Both girls are currently at NAU completing the Dorrance Summer Bridge Program, one of the requirements for the scholarship.
“One of the reasons we do our Bridge Program is to get our students from all three universities in one place and let them spend time together, get to know each other, get to know us, learn more about the program, what we require and bridge the gap between high school and university, which for some of them is a pretty wide gap,” said Jim Hensley, Dorrance Scholarship Program executive director.
During the Bridge Program, which runs June 9 to July 27, the scholars take math and English courses, which they receive college credit for.
Lopez and Verdugo said the Bridge Program is helping them transition from high school to college.
“The Bridge Program is preparing me for college because it’s giving me initial insight of how the transition from high school is in comparison to college,” Lopez said. “The workload that we get in high school is not comparable to what we get in college. The Bridge Program is pretty much giving us a head start on that. I’ve always been told that going from high school to college is a big transition, it has to do a lot with time management, and your studying strategy, and I didn’t really realize that until the Bridge Program. It’s giving us a little taste of how our class schedule will be when we go into college.”

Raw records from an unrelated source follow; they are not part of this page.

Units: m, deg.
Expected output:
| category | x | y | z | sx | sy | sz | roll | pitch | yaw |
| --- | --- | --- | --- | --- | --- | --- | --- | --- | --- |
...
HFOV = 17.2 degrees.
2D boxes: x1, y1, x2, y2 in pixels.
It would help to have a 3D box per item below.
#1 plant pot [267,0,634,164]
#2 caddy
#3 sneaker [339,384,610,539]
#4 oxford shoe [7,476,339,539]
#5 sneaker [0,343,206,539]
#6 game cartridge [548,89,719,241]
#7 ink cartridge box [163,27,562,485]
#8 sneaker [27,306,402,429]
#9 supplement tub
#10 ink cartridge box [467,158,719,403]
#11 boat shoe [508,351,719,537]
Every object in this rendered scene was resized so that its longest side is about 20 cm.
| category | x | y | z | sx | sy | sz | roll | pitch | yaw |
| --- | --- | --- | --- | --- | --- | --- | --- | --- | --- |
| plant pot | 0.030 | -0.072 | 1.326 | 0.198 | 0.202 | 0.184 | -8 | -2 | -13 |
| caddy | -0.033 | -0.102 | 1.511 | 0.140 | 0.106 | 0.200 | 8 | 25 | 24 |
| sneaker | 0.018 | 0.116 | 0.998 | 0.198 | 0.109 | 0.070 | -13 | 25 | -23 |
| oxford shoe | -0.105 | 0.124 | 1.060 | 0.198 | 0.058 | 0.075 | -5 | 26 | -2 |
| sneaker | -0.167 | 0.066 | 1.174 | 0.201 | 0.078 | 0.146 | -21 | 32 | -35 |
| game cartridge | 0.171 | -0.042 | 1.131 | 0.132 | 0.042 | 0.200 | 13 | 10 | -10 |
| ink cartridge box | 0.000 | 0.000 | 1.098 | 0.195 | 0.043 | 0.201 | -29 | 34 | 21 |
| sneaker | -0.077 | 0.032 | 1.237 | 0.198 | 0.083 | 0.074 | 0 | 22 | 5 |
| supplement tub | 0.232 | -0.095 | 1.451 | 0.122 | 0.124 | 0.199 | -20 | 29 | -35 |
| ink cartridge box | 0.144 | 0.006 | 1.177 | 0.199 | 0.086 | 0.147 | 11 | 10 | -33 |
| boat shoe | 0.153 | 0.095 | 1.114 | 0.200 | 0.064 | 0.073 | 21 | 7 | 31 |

Verdugo said college courses are more rigorous than high school classes.
“I know it’s helping me with this fall semester,” she said. “I know that I’ll be ahead in how to study and I’ll have a good work ethic, I believe.”
Students attending the Bridge Program also attend faculty lectures to expose them to a variety of different disciplines.
“If you’re worried about money and what it costs and finishing without debt, sometimes you don’t feel like, and maybe you really don’t have, the luxury of exploring, so we try to give them some time to do that with us during the summer program before their first year of four actually gets underway,” Hensley said.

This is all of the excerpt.